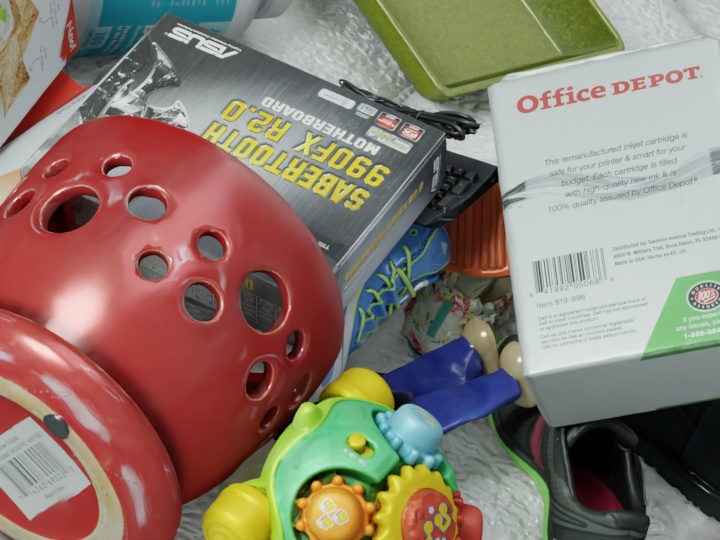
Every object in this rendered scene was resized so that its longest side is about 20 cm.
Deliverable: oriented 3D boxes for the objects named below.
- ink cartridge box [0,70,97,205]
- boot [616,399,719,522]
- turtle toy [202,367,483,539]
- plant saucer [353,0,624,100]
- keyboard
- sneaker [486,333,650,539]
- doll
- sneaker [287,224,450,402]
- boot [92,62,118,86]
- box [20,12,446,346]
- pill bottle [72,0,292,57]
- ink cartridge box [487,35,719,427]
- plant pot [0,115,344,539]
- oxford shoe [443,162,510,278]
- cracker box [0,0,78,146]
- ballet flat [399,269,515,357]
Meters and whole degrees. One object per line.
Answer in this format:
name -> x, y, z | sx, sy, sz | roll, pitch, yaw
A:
ink cartridge box -> -0.205, -0.070, 1.726 | 0.162, 0.050, 0.200 | -37, 63, -28
boot -> 0.205, 0.041, 1.762 | 0.200, 0.168, 0.076 | 40, 41, 22
turtle toy -> 0.013, 0.154, 1.536 | 0.101, 0.200, 0.146 | -1, 34, 43
plant saucer -> 0.066, -0.206, 2.071 | 0.199, 0.048, 0.200 | -17, 65, -42
keyboard -> -0.004, -0.083, 1.755 | 0.200, 0.021, 0.127 | 19, 36, 26
sneaker -> 0.135, 0.106, 1.712 | 0.077, 0.084, 0.200 | 5, 41, -27
doll -> 0.001, 0.087, 1.675 | 0.200, 0.049, 0.136 | -21, 32, -26
sneaker -> 0.000, 0.000, 1.691 | 0.105, 0.076, 0.200 | -13, 34, 8
boot -> -0.071, -0.055, 1.817 | 0.203, 0.074, 0.154 | 8, 43, -18
box -> -0.074, -0.055, 1.656 | 0.200, 0.048, 0.158 | 25, 51, 20
pill bottle -> -0.143, -0.202, 1.923 | 0.200, 0.111, 0.111 | -6, 46, -34
ink cartridge box -> 0.161, -0.024, 1.668 | 0.146, 0.083, 0.201 | -10, 63, 11
plant pot -> -0.137, 0.044, 1.532 | 0.200, 0.201, 0.183 | 33, 53, 12
oxford shoe -> 0.106, -0.029, 1.784 | 0.199, 0.072, 0.073 | 6, 2, 9
cracker box -> -0.241, -0.134, 1.685 | 0.058, 0.134, 0.200 | 13, 45, 18
ballet flat -> 0.088, -0.005, 1.844 | 0.075, 0.064, 0.200 | 28, 36, 5
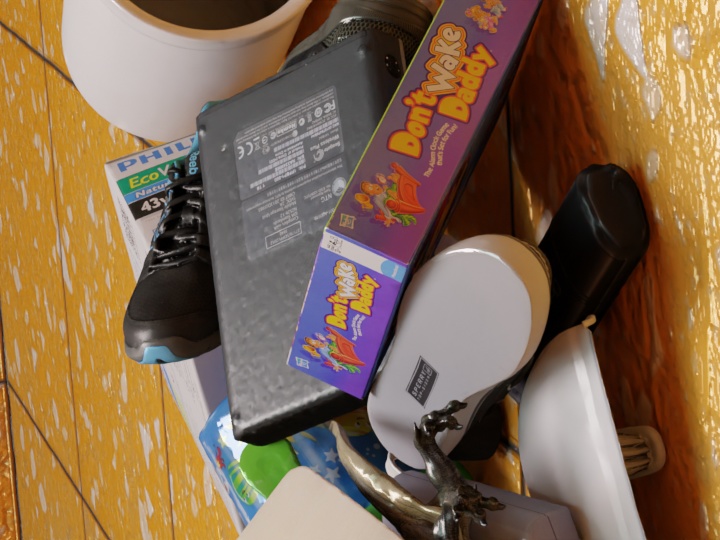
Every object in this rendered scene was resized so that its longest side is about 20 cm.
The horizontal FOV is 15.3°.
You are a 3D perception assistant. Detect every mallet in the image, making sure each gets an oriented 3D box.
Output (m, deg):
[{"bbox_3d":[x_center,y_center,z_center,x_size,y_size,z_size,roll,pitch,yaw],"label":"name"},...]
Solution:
[{"bbox_3d":[0.030,0.018,1.568,0.041,0.066,0.201,130,132,-55],"label":"mallet"}]

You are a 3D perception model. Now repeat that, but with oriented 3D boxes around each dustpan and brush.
[{"bbox_3d":[0.112,0.097,1.359,0.200,0.057,0.140,-22,82,67],"label":"dustpan and brush"}]

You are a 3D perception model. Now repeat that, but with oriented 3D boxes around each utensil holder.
[{"bbox_3d":[-0.117,-0.192,1.814,0.200,0.169,0.171,119,140,-68],"label":"utensil holder"}]

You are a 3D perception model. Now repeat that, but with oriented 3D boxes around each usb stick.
[{"bbox_3d":[0.104,0.011,1.364,0.200,0.033,0.056,114,139,-61],"label":"usb stick"}]

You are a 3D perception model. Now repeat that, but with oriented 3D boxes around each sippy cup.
[{"bbox_3d":[-0.022,0.119,1.595,0.130,0.139,0.178,51,154,13],"label":"sippy cup"}]

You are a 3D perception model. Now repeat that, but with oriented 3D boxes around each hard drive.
[{"bbox_3d":[-0.025,-0.017,1.494,0.139,0.033,0.201,-23,63,33],"label":"hard drive"}]

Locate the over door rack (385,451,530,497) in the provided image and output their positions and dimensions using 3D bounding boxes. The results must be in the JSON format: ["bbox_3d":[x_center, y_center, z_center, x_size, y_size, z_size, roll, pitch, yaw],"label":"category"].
[{"bbox_3d":[0.078,0.201,1.434,0.200,0.066,0.148,42,136,34],"label":"over door rack"}]

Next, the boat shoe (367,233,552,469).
[{"bbox_3d":[0.055,0.032,1.327,0.069,0.057,0.200,47,149,10],"label":"boat shoe"}]

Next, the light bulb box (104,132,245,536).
[{"bbox_3d":[-0.067,0.033,1.747,0.200,0.124,0.199,-122,16,-56],"label":"light bulb box"}]

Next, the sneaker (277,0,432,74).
[{"bbox_3d":[-0.017,-0.084,1.619,0.199,0.076,0.115,136,155,-66],"label":"sneaker"}]

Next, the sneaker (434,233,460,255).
[{"bbox_3d":[0.000,0.000,1.527,0.200,0.073,0.071,23,78,49],"label":"sneaker"}]

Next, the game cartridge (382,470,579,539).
[{"bbox_3d":[0.073,0.207,1.359,0.133,0.041,0.201,13,115,54],"label":"game cartridge"}]

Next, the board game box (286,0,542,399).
[{"bbox_3d":[0.030,-0.052,1.372,0.135,0.045,0.200,108,-173,-57],"label":"board game box"}]

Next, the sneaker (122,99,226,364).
[{"bbox_3d":[-0.100,-0.022,1.585,0.200,0.073,0.082,-71,-29,-51],"label":"sneaker"}]

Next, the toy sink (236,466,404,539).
[{"bbox_3d":[-0.027,0.222,1.340,0.200,0.112,0.130,-54,35,-4],"label":"toy sink"}]

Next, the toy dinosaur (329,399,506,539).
[{"bbox_3d":[0.039,0.119,1.301,0.200,0.047,0.088,51,144,33],"label":"toy dinosaur"}]
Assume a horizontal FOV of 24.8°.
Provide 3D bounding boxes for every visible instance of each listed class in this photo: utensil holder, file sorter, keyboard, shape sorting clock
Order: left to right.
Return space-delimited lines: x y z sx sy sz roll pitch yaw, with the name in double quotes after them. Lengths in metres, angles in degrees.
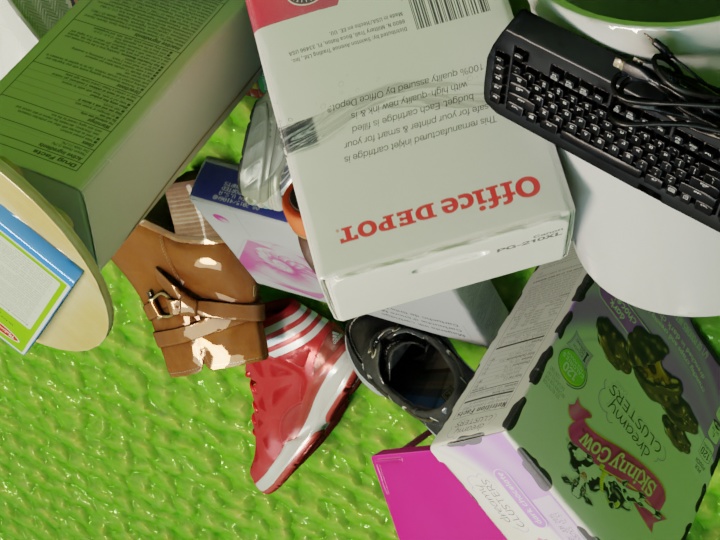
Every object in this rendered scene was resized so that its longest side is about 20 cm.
-0.225 -0.025 0.954 0.198 0.039 0.201 24 146 17 "shape sorting clock"
0.125 0.203 1.226 0.138 0.125 0.202 -11 101 44 "file sorter"
0.143 -0.059 0.785 0.199 0.040 0.105 28 148 16 "keyboard"
0.182 -0.100 0.889 0.168 0.171 0.201 11 138 28 "utensil holder"

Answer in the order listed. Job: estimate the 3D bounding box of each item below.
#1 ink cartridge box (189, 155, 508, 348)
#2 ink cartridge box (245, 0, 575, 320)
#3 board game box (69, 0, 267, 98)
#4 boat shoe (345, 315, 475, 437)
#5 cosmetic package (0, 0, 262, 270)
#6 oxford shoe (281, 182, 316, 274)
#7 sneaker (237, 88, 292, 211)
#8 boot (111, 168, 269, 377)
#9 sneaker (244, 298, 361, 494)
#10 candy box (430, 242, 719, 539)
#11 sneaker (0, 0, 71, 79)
0.000 0.000 1.162 0.195 0.044 0.200 15 160 25 "ink cartridge box"
0.025 -0.090 0.932 0.143 0.202 0.084 -15 161 0 "ink cartridge box"
-0.126 -0.218 1.082 0.164 0.057 0.201 15 138 27 "board game box"
0.038 0.067 1.191 0.057 0.069 0.200 43 176 -35 "boat shoe"
-0.153 -0.103 1.014 0.103 0.201 0.074 20 142 20 "cosmetic package"
0.045 -0.061 1.022 0.071 0.199 0.073 46 161 50 "oxford shoe"
-0.016 -0.132 1.045 0.085 0.078 0.202 14 108 7 "sneaker"
-0.162 0.006 1.296 0.198 0.077 0.157 -7 104 25 "boot"
-0.069 0.093 1.361 0.115 0.078 0.201 40 130 7 "sneaker"
0.157 0.100 1.083 0.071 0.201 0.168 -19 118 46 "candy box"
-0.244 -0.143 1.241 0.115 0.074 0.201 -10 114 44 "sneaker"
__________________________________________________
§ **Exercise details**: Could you set down verbatim the lines from the beginning of the entries above through the line containing "name -> x, y, z", both included, leaving out the pictures?

§ **Written reply**:
Every object in this rendered scene was resized so that its longest side is about 20 cm.
Deliverable: oriented 3D boxes for the objects named below.
- ink cartridge box [0,70,97,205]
- boot [616,399,719,522]
- turtle toy [202,367,483,539]
- plant saucer [353,0,624,100]
- keyboard
- sneaker [486,333,650,539]
- doll
- sneaker [287,224,450,402]
- boot [92,62,118,86]
- box [20,12,446,346]
- pill bottle [72,0,292,57]
- ink cartridge box [487,35,719,427]
- plant pot [0,115,344,539]
- oxford shoe [443,162,510,278]
- cracker box [0,0,78,146]
- ballet flat [399,269,515,357]
Meters and whole degrees. One object per line.
Answer in this format:
name -> x, y, z | sx, sy, sz | roll, pitch, yaw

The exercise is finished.